/Pollyduble

An experimental proof-of-concept script to automatically dub videos to English with the help of local TTS, voice cloning, audio separation, speech recognition and FFmpeg

Primary LanguagePythonMIT LicenseMIT

Pollyduble

Automatic Dubbing with Voice Cloning and Speech Recognition
Made possible thanks to OpenVoice, MeloTTS, Faster Whisper, VoiceFixer, python-audio-separator and FFmpeg.

Polly the Tadpole

This is a highly experimental prototype of a script that aims to automatically dub English audio over a video file originally recorded in any language Whisper supports. Theoretically, with some modifications and different OpenVoice models, it should support any language supported by OpenVoice, however the translation would have to be handled by something other than Whisper

Features

  • Voice cloning and local text-to-speech synthesis
  • Automatic speech recognition
  • Audio separation
  • Automatic synchronization of dubbed lines to the original speech
  • Optional voice fixing to bring back some high frequencies lost during the voice cloning process
  • Muxing the dubbed audio and extracted instrumental track back into the video

PRs are welcome, this is mostly just a proof-of-concept. Some good ideas for improvement include:

  • Speaker diarization to separate the speech of different characters and automatically assign the correct dubbed lines to the correct characters
  • Ability to load custom subtitles instead of relying on automatic speech recognition
  • A translation neural network (local is highly preferred) or API to not rely on Whisper's shoddy translations

Pre-requisites

  • Python 3.9
  • FFmpeg, FFprobe and FFplay installed on your system and in PATH
  • Windows (only tested on Windows)
  • A modern NVIDIA GPU with CUDA support is probably required
  • Miniconda or Anaconda (optional, but recommended)

Installation

  1. Install FFmpeg, FFprobe and FFplay on your system and make sure they are in PATH. You can download them from here.

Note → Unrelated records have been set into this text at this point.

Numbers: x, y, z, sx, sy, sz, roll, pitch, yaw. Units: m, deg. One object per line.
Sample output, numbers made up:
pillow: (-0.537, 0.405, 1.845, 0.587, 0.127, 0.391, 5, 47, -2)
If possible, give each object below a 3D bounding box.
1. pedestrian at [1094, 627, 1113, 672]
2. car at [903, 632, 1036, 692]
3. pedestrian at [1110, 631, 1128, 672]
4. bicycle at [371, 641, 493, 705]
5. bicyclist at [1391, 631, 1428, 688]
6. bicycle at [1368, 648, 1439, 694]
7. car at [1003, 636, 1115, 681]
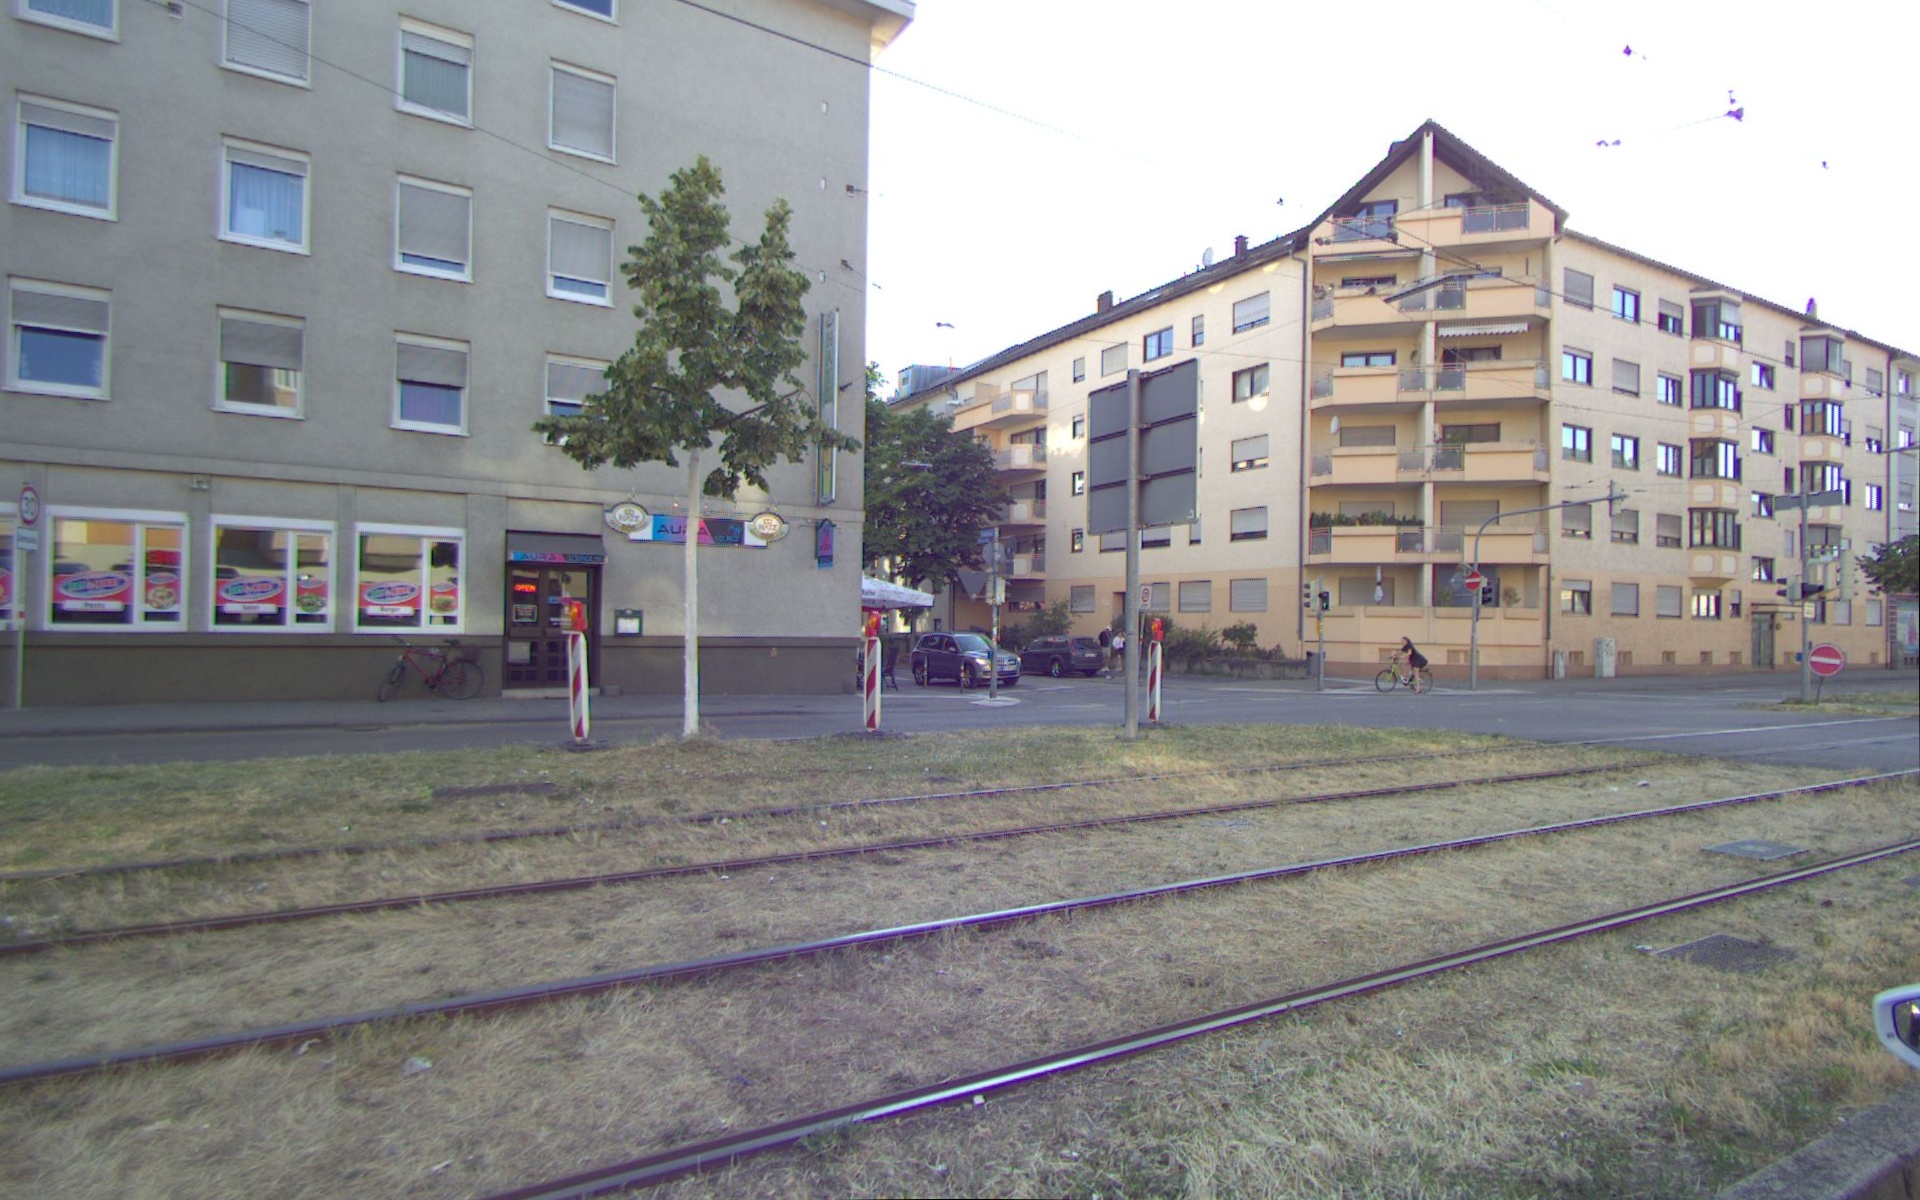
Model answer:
pedestrian: (5.592, 1.936, 39.224, 0.456, 1.727, 0.589, 2, 0, -24)
car: (0.233, 1.856, 31.110, 1.982, 1.645, 4.153, 1, -1, -38)
pedestrian: (6.237, 2.025, 39.417, 0.509, 1.573, 0.547, 0, 0, -24)
bicycle: (-9.147, 1.256, 17.432, 1.823, 1.037, 0.605, 2, -1, -31)
bicyclist: (12.972, 1.722, 29.026, 0.793, 1.607, 0.628, 1, 0, 4)
bicycle: (12.811, 2.041, 29.018, 1.833, 1.274, 0.457, 0, 0, 2)
car: (3.613, 2.116, 37.305, 1.982, 1.462, 3.957, 0, -1, -38)

  2. Make a new directory and clone this repository:

git clone https://github.com/igerman00/Pollyduble
cd Pollyduble
  1. Create a new Conda environment:
conda create -n dubbing python=3.9
  1. Activate the Conda environment:
conda activate dubbing
  1. Clone the OpenVoice repository
git clone https://github.com/myshell-ai/OpenVoice

Make sure the OpenVoice repository is in the same directory as this repository, it should be named "OpenVoice".

  1. Install OpenVoice:
cd OpenVoice
pip install -e .
pip install git+https://github.com/myshell-ai/MeloTTS.git
python -m unidic download
  1. Install torch with GPU support (the index-url parameter should be optional for no GPU support):
pip3 install torch torchvision torchaudio --index-url https://download.pytorch.org/whl/cu118
  1. Install the other dependencies:
cd .. # Go back to the root directory of the repo
pip install -r requirements-win-cu118.txt

Usage

  1. Obtain a video file and place it anywhere on your computer, for this example we will assume it is in the same directory as our demo.py script, and it is named video.mp4.
  2. Run the script:
python demo.py -i video.mp4 -s -m

The output will be stored in the Pollyduble/output directory by default. It will contain various files including the dubbed video, the separated audio, the dubbed audio, and the voice sample. Mostly, it should be one-click.

Options include:

  • -i or --input to specify the input video file
  • -o or --output to specify the output directory (default is Pollyduble/output)
  • -v or --voice to specify a custom sample for the voice cloning. If not specified, one will be created from the first 15 seconds of the video
  • -s or --separate to enable audio separation, i.e. extracting the background music and the speech from the video separately
  • -m or --mux to enable muxing the separated audio back into the video with the dubbed speech
  • -f or --fix to enable voice fixing, i.e. improving the quality of the dubbed speech.
    ^ Experimental and doesn't actually sound that good most of the time.
  • --help to display the help message

License

This project is licensed under the MIT License - see the LICENSE file for details.